Amizade não tem preço. Eu sempre considerei que um amigo fiel é um abrigo seguro. Quando terminei ocurso de ajustador, novos encontros houve, particularmente a família Roger Golf, Golf diretor; Dominique e o seu marido Richard Palao, do lar dos jovens trabalhadores “des Acacias”. Com o Richard joguei a bola, uma equipa corpo, onde eu era o guarda-redes. No mesmo lar, uma das cozinheiras, Madame Samoyau, reservava-me sempre mais manteiga ao pequeno almoço, uma Santa!.. Quando deixei de trabalhar na fábrica “Riviere et Casalis”, verificou-se a minha entrada na Caixa de Previdência, graças ao Sr. Dupuis, Administrador da Caixa, e do Presidente, Sr. Mis. Devo referir, aliás, que foi aqui que melhorei o meu jogo de ténis, chegando a participar em torneios, integrado no clube da Caixa.

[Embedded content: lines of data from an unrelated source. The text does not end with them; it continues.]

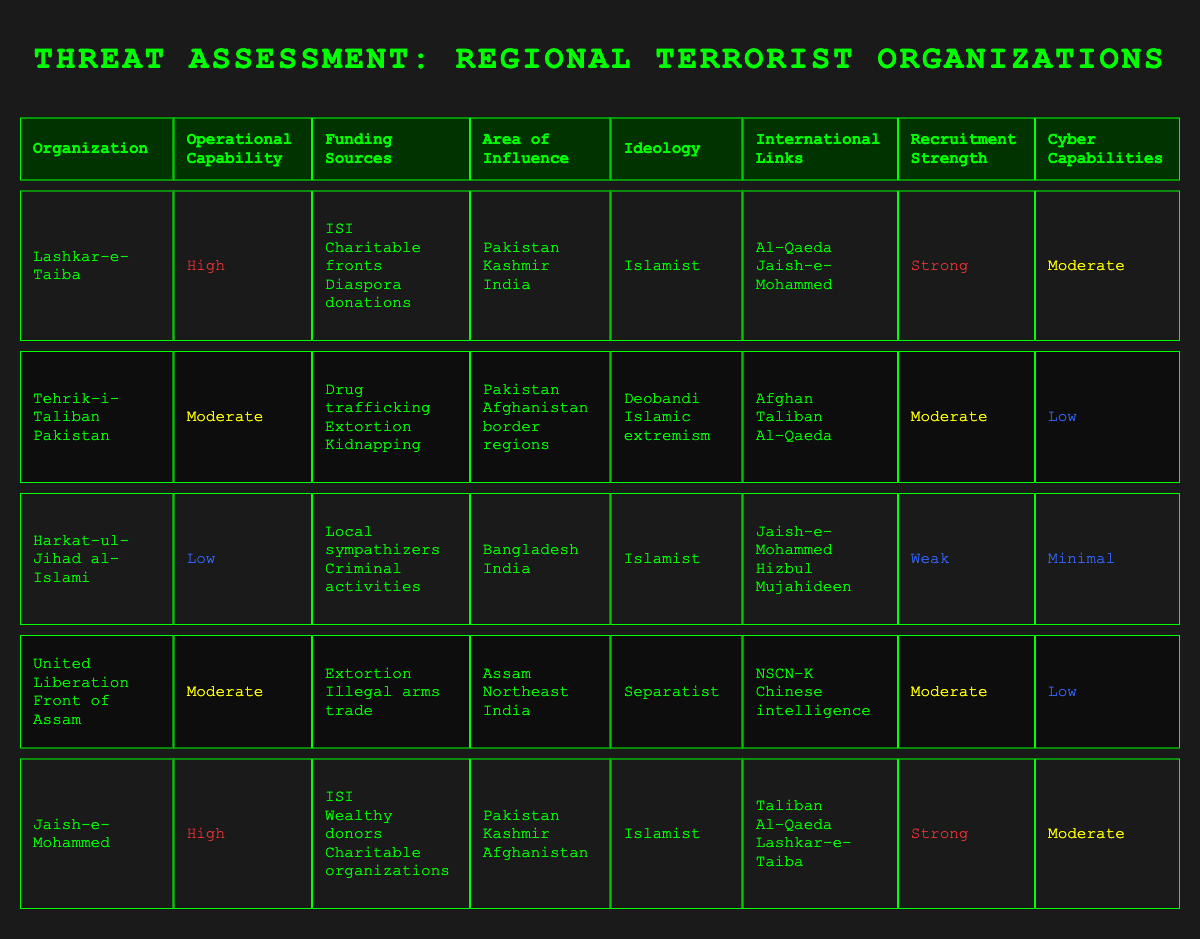What is the area of influence for Lashkar-e-Taiba? According to the table, the area of influence for Lashkar-e-Taiba includes Pakistan, Kashmir, and India.
Answer: Pakistan, Kashmir, India Which organization has a high operational capability? The organizations listed with high operational capability are Lashkar-e-Taiba and Jaish-e-Mohammed.
Answer: Lashkar-e-Taiba, Jaish-e-Mohammed What are the funding sources for Tehrik-i-Taliban Pakistan? The table states that Tehrik-i-Taliban Pakistan's funding sources include drug trafficking, extortion, and kidnapping.
Answer: Drug trafficking, extortion, kidnapping Is the recruitment strength of Harkat-ul-Jihad al-Islami strong? According to the table, Harkat-ul-Jihad al-Islami has a recruitment strength labeled as weak, indicating it is not strong.
Answer: No What is the average operational capability across all organizations listed? The operational capabilities classified are high, moderate, and low, which can be numerically represented as 3 (high), 2 (moderate), and 1 (low). This results in an average operational capability of (3*3 + 2*2 + 1*1) / 5 = 2.2, which rounds to moderate as the dominant classification.
Answer: Moderate Which organization has the weakest cyber capabilities? By examining the table, Harkat-ul-Jihad al-Islami has minimal cyber capabilities, which is the weakest among the organizations listed.
Answer: Harkat-ul-Jihad al-Islami How many organizations have international links with Al-Qaeda? The organizations that have international links with Al-Qaeda are Tehrik-i-Taliban Pakistan, Jaish-e-Mohammed, and Lashkar-e-Taiba. In total, 3 organizations are linked.
Answer: 3 If you sum the recruitment strengths of all organizations as high, moderate, and weak, what would that equate to numerically? Using a numerical scale of high=3, moderate=2, and weak=1, we summarize it as follows: Lashkar-e-Taiba (3), Tehrik-i-Taliban Pakistan (2), Harkat-ul-Jihad al-Islami (1), United Liberation Front of Assam (2), and Jaish-e-Mohammed (3). Sum = 3 + 2 + 1 + 2 + 3 = 11 for an average of 11/5 = 2.2, which corresponds to moderate.
Answer: Moderate What ideology is associated with United Liberation Front of Assam? The table indicates that the ideology associated with the United Liberation Front of Assam is separatist.
Answer: Separatist 
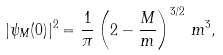Convert formula to latex. <formula><loc_0><loc_0><loc_500><loc_500>| \psi _ { M } ( 0 ) | ^ { 2 } = \frac { 1 } { \pi } \left ( 2 - \frac { M } { m } \right ) ^ { 3 / 2 } \, m ^ { 3 } ,</formula>

Exerci outros empregos, o de diretor de banco, professor de direito bancário, professor de direito no Liceu “Benjamin Franklin”, diretor de finanças de uma tipografia, que pertencia ao meu irmão Reinaldo, diretor adjunto de uma companhia de seguros, funcionário no Ministério das Finanças em Paris, etc. Uma vida em constante movimento. Treze anos da minha existência em França foram necessários para passar da condição de operário a uma licenciatura em direito. 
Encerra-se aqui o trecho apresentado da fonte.